**What is being asked:** Filter task. Return each line of the material that holds the string "juiste".

**Extracted records:**
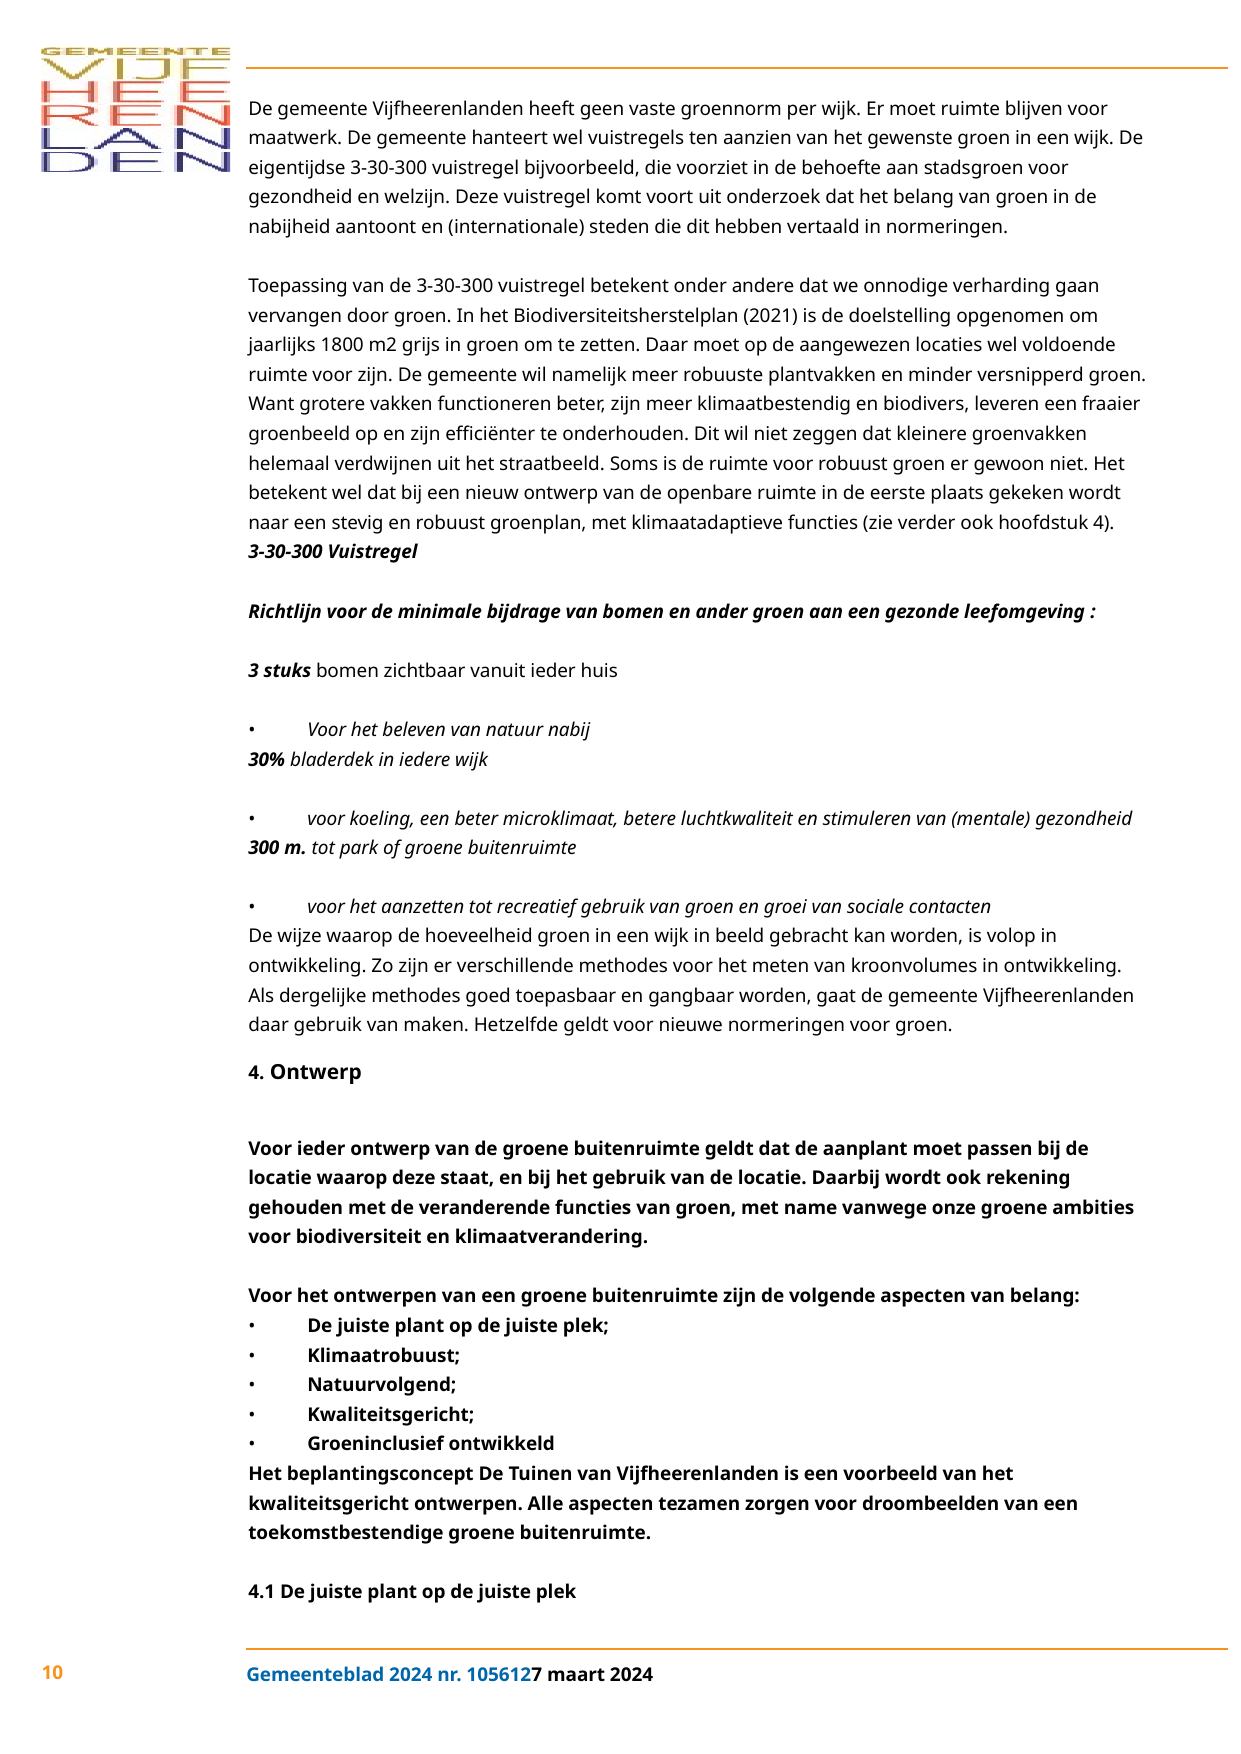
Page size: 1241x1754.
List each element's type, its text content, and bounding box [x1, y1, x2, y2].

text 4. Ontwerp [248, 1057, 1152, 1085]
text Toepassing van de 3-30-300 vuistregel betekent onder andere dat we onnodige verharding gaan vervangen door groen. In het Biodiversiteitsherstelplan (2021) is de doelstelling opgenomen om jaarlijks 1800 m2 grijs in groen om te zetten. Daar moet op de aangewezen locaties wel voldoende ruimte voor zijn. De gemeente wil namelijk meer robuuste plantvakken en minder versnipperd groen. Want grotere vakken functioneren beter, zijn meer klimaatbestendig en biodivers, leveren een fraaier groenbeeld op en zijn efficiënter te onderhouden. Dit wil niet zeggen dat kleinere groenvakken helemaal verdwijnen uit het straatbeeld. Soms is de ruimte voor robuust groen er gewoon niet. Het betekent wel dat bij een nieuw ontwerp van de openbare ruimte in de eerste plaats gekeken wordt naar een stevig en robuust groenplan, met klimaatadaptieve functies (zie verder ook hoofdstuk 4). [248, 272, 1152, 535]
picture [41, 47, 231, 172]
list Natuurvolgend; [248, 1371, 1152, 1397]
list De juiste plant op de juiste plek; [248, 1312, 1152, 1338]
list Klimaatrobuust; [248, 1342, 1152, 1367]
text De wijze waarop de hoeveelheid groen in een wijk in beeld gebracht kan worden, is volop in ontwikkeling. Zo zijn er verschillende methodes voor het meten van kroonvolumes in ontwikkeling. Als dergelijke methodes goed toepasbaar en gangbaar worden, gaat de gemeente Vijfheerenlanden daar gebruik van maken. Hetzelfde geldt voor nieuwe normeringen voor groen. [248, 923, 1152, 1037]
list Kwaliteitsgericht; [248, 1401, 1152, 1427]
text Het beplantingsconcept De Tuinen van Vijfheerenlanden is een voorbeeld van het kwaliteitsgericht ontwerpen. Alle aspecten tezamen zorgen voor droombeelden van een toekomstbestendige groene buitenruimte. [248, 1460, 1152, 1545]
text Voor ieder ontwerp van de groene buitenruimte geldt dat de aanplant moet passen bij de locatie waarop deze staat, en bij het gebruik van de locatie. Daarbij wordt ook rekening gehouden met de veranderende functies van groen, met name vanwege onze groene ambities voor biodiversiteit en klimaatverandering. [248, 1135, 1152, 1249]
table_header 3-30-300 Vuistregel Richtlijn voor de minimale bijdrage van bomen en ander groen aan een gezonde leefomgeving : 3 stuks bomen zichtbaar vanuit ieder huis Voor het beleven van natuur nabij 30% bladerdek in iedere wijk voor koeling, een beter microklimaat, betere luchtkwaliteit en stimuleren van (mentale) gezondheid 300 m. tot park of groene buitenruimte voor het aanzetten tot recreatief gebruik van groen en groei van sociale contacten [248, 539, 1152, 919]
list Groeninclusief ontwikkeld [248, 1431, 1152, 1456]
text 4.1 De juiste plant op de juiste plek [248, 1578, 1152, 1604]
text Voor het ontwerpen van een groene buitenruimte zijn de volgende aspecten van belang: [248, 1283, 1152, 1308]
text De gemeente Vijfheerenlanden heeft geen vaste groennorm per wijk. Er moet ruimte blijven voor maatwerk. De gemeente hanteert wel vuistregels ten aanzien van het gewenste groen in een wijk. De eigentijdse 3-30-300 vuistregel bijvoorbeeld, die voorziet in de behoefte aan stadsgroen voor gezondheid en welzijn. Deze vuistregel komt voort uit onderzoek dat het belang van groen in de nabijheid aantoont en (internationale) steden die dit hebben vertaald in normeringen. [248, 95, 1152, 239]

**Exercise answer:**
list De juiste plant op de juiste plek; [248, 1312, 1152, 1338]
text 4.1 De juiste plant op de juiste plek [248, 1578, 1152, 1604]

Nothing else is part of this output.